Мы часто обвиняем жертву в самых разных ситуациях, даже не замечая того. Потому что для нас это психологически комфортно. Это нас успокаивает. В противном случае жизнь становится несправедливой, тревожной, непредсказуемой. К примеру, в сталинское время многие (большинство) обвиняли жертв массового террора словами «зря не посадят», «значит, что-то было». Даже когда кто-то умирает, мы сразу пытаемся выяснить по какой причине и успокаиваемся, когда таковая четко обозначена (пил, курил, вредное производство и пр.). Это значит, что с нами этого не произойдет, потому что мы этого не совершаем. Такое объяснение нас устраивает потому, что успокаивает. То же самое происходит и в случае с оппозицией. Мы успокаиваем себя своей постоянной критикой оппозиции, вместо того, чтобы сказать себе честно, что в нынешних условиях победить невозможно, и что сложившаяся ситуация не является результатом чьих-то ошибок или просчетов (со стороны оппозиции). Она обусловлена другими, более серьезными причинами.

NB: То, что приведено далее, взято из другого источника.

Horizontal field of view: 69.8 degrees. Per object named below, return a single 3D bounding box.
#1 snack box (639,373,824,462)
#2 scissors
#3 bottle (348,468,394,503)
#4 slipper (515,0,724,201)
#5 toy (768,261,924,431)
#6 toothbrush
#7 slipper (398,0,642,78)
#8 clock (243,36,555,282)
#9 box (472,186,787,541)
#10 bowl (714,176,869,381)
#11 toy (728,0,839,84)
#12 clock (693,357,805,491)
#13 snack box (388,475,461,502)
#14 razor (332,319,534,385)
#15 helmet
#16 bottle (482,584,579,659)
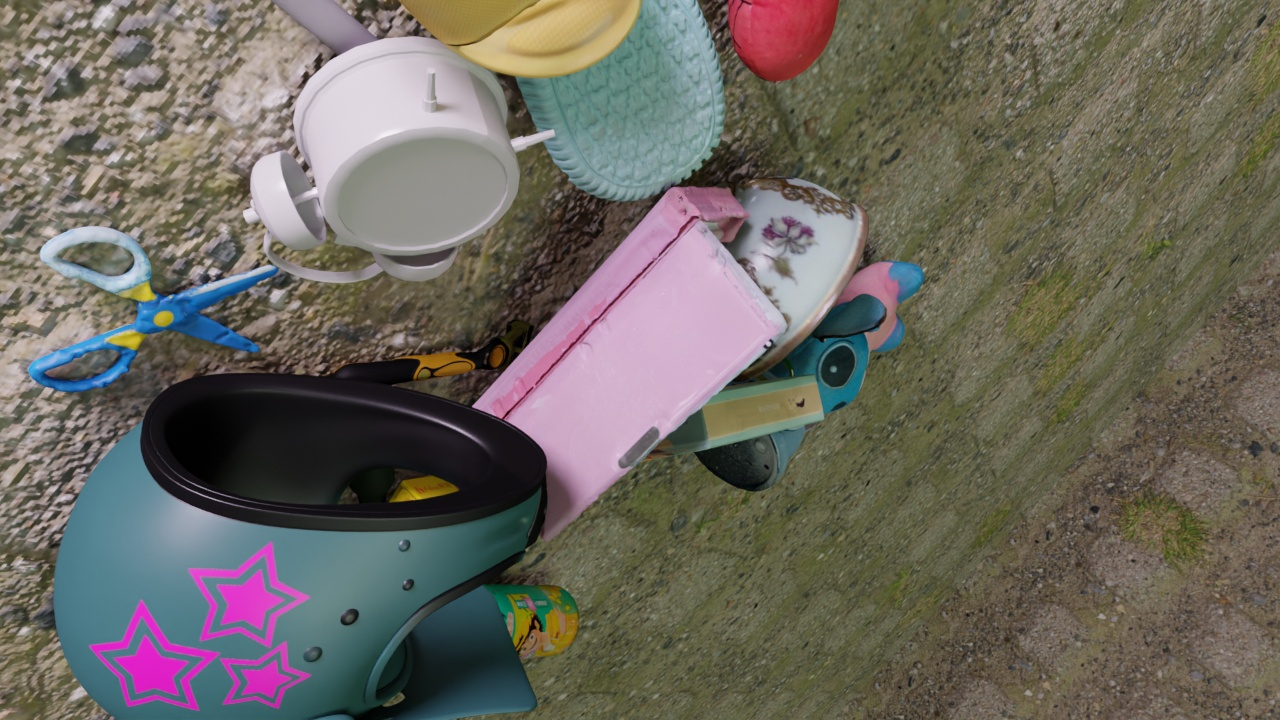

Общество явно не желает разделять вину за укрепление авторитарного режима и за все, что происходит в стране. Кроме того, люди устали от долгой фрустрации и поражений, и недовольство смещается с непобедимой власти на тех, кто как бы виноват в серии поражений. Обвинение жертвы не в последней степени связано с желанием обвиняющего субъекта оказаться на стороне сильного, в том числе насильника. Это и форма психологической защиты, и выбор собственных приоритетов, когда человек неосознанно стремиться оказаться на стороне тех, кто в данный момент побеждает.
Еще одним поводом для указанного сравнения может служить необъяснимый с рациональной точки зрения накал страстей, сопровождающий обсуждение этой темы в социальных сетях. Градус ненависти по отношению к оппозиции в целом либо к какой-то ее части, пожалуй, уже сопоставим с ненавистью к самому режиму. В ход идут самые разные деривации. Согласно В. Парето, они представляют собой рациональные объяснения нелогических действий, являющиеся следствием противоречивых чувств, испытываемых индивидом, которые он пытается рационализировать и аргументировать как самому себе, так и другим. В числе наиболее распространенных претензий к оппозиции со стороны просвещенной публики можно назвать:
1. «Получение грантов» и их «отработку» (причем, по мнению многих, «недостаточную»). В этом обвинении сказывается характерная для постсоветского человека обеспокоенность поисками корыстного мотива, стремление разоблачить жажду наживы и пр.
2. Отсутствие «должного внимания» к многочисленным рекомендациям и идеям, в изобилии поступающим от тех, кто интересуется политикой и любит поразмышлять над «судьбами родины» (такого рода упреки неизменно подкрепляются многочисленными примерами исторических промахов и неудач оппозиции и сопровождаются словами «я же предупреждал», «я ведь говорил» и т. п.)
3. Различного рода конспирологические теории и догадки о том, кто на кого «работает», кем «перекуплен», чьим интересам объективно «служит». «Преимущество» такого подхода в том, что он равным образом и неопровержим, и недоказуем. В наиболее яркой форме мы можем наблюдать его сегодня на российском телевидении. Это тот случай, когда даже очень образованные люди (которых собирает, к примеру, в своей передаче Владимир Соловьев), обладая определенными конспирологическими установками, перестают воспринимать какую-либо рациональную аргументацию.
Если бы я был сторонником конспирологического подхода, то я тоже предположил бы, что дискредитации оппозиции в белорусском обществе является хорошо продуманной операцией спецслужб. Ведь исключение оппозиции из политического процесса (а именно к этому ведет ее неучастие в выборах) при условии ее нынешней слабости равносильно уничтожению. Причем максимально простым и эффективным способом.